Sue Johnson writes about adult attachment, a concept she expanded from John Bowlby, who theorized that babies form connections with their caretakers based on how secure they feel. Later theorists noted that we take these original styles of attachment and use them in our adult relationships. At the simplest level, this means that if our parent was not very attentive (or neglectful or abusive) when we were babies, we never got the assurance and closeness we needed to be feel safe, and so we have a hard time feeling safe and secure with partners later in life.· Just like babies do, adults feel safer when their partner is nearby, responsive, physically loving and paying them close attention.

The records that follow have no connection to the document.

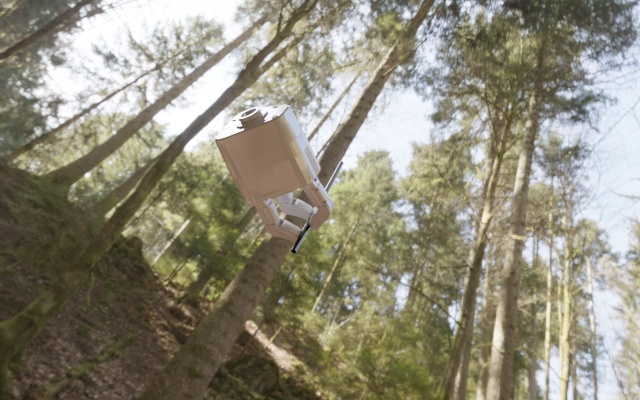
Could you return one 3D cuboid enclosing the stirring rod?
[{"bbox_3d":[0.000,0.003,0.769,0.011,0.011,0.239,0,36,23],"label":"stirring rod"}]
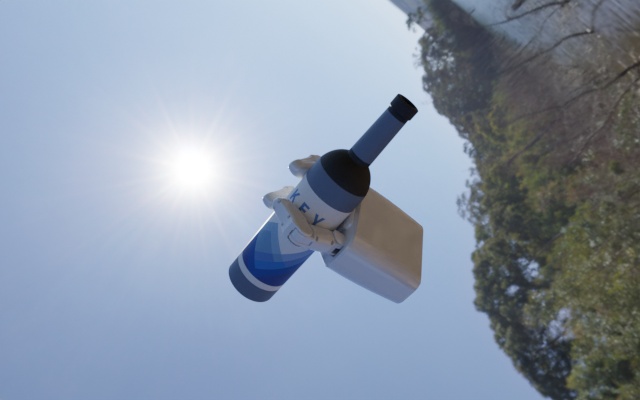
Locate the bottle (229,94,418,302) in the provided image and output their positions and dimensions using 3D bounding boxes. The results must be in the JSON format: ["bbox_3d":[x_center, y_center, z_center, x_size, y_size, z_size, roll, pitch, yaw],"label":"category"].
[{"bbox_3d":[0.000,0.002,0.539,0.296,0.069,0.069,-49,-26,26],"label":"bottle"}]
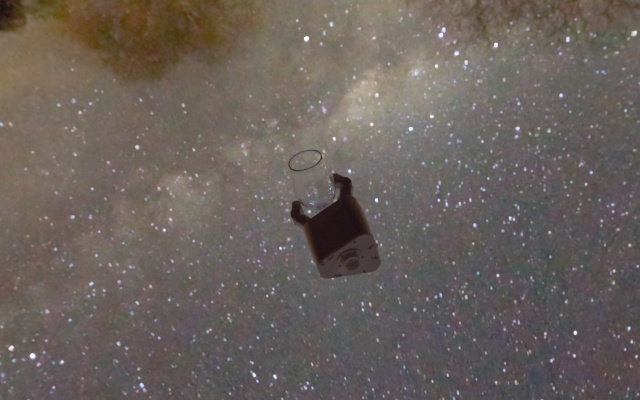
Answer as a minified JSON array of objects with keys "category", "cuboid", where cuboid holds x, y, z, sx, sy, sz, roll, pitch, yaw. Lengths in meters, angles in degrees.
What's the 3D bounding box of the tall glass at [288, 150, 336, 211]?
[{"category":"tall glass","cuboid":[0.000,0.003,0.899,0.079,0.201,0.079,-13,38,10]}]
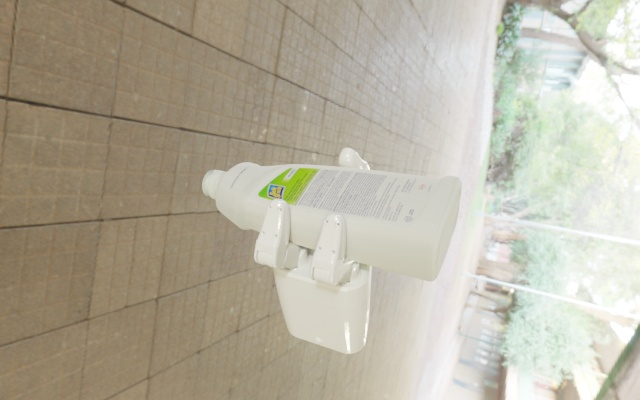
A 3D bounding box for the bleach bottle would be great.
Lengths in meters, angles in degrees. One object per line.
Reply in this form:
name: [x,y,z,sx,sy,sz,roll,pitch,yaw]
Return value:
bleach bottle: [0.000,0.002,0.467,0.251,0.068,0.102,13,40,22]
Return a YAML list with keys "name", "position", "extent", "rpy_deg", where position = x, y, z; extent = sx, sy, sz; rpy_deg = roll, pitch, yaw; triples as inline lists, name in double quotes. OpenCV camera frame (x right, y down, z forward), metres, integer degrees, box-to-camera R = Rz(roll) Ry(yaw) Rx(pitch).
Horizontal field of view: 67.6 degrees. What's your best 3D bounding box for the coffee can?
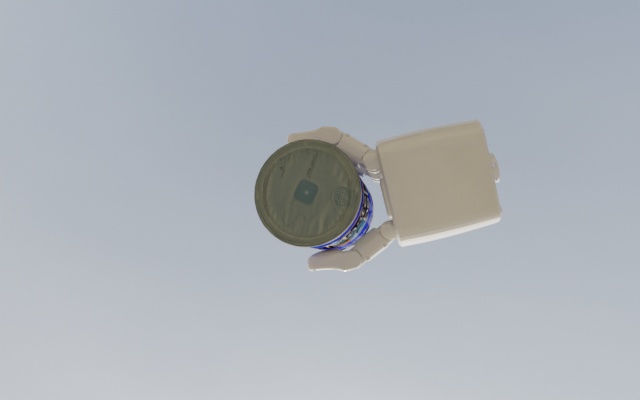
- name: "coffee can"
  position: [0.000, 0.002, 0.512]
  extent: [0.103, 0.103, 0.140]
  rpy_deg: [0, -8, 11]
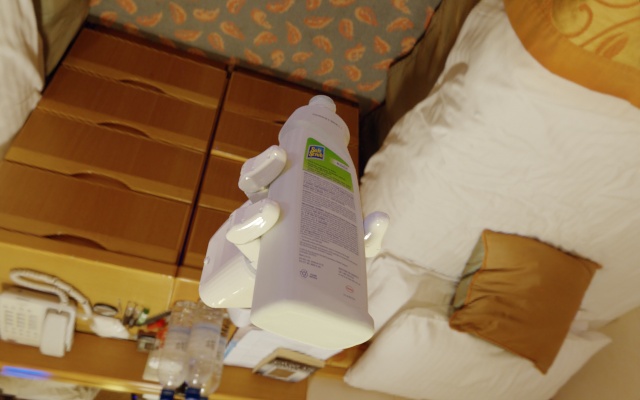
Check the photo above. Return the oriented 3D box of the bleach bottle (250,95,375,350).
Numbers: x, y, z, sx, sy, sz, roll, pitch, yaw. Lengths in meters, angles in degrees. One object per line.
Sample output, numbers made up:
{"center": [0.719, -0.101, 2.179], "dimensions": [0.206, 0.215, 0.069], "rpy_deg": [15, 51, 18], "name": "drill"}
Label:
{"center": [0.000, 0.001, 0.451], "dimensions": [0.102, 0.250, 0.068], "rpy_deg": [27, -41, -28], "name": "bleach bottle"}

Johnson says that, even though our society favors independence and autonomy, we need to feel dependent on our partners. At some level, if our partner is open to us emotionally, compassionate and kind, only then can we feel protected enough to ask for what we need. Paradoxically, it’s this dependence that allows us to move away and also get our needs met in other arenas (since clearly, our partner can’t “fix” us, solve all our problems, or be our whole world—see previous blog post).

Further, if we don’t feel safe and secure with our partner, we tend to become either clingy or distant. And underneath the actions that go along with that—begging for more, nagging, shutting down—is a feeling of isolation and despair. Ultimately, when the one place we turn to for peace and love feels precarious, it’s traumatic.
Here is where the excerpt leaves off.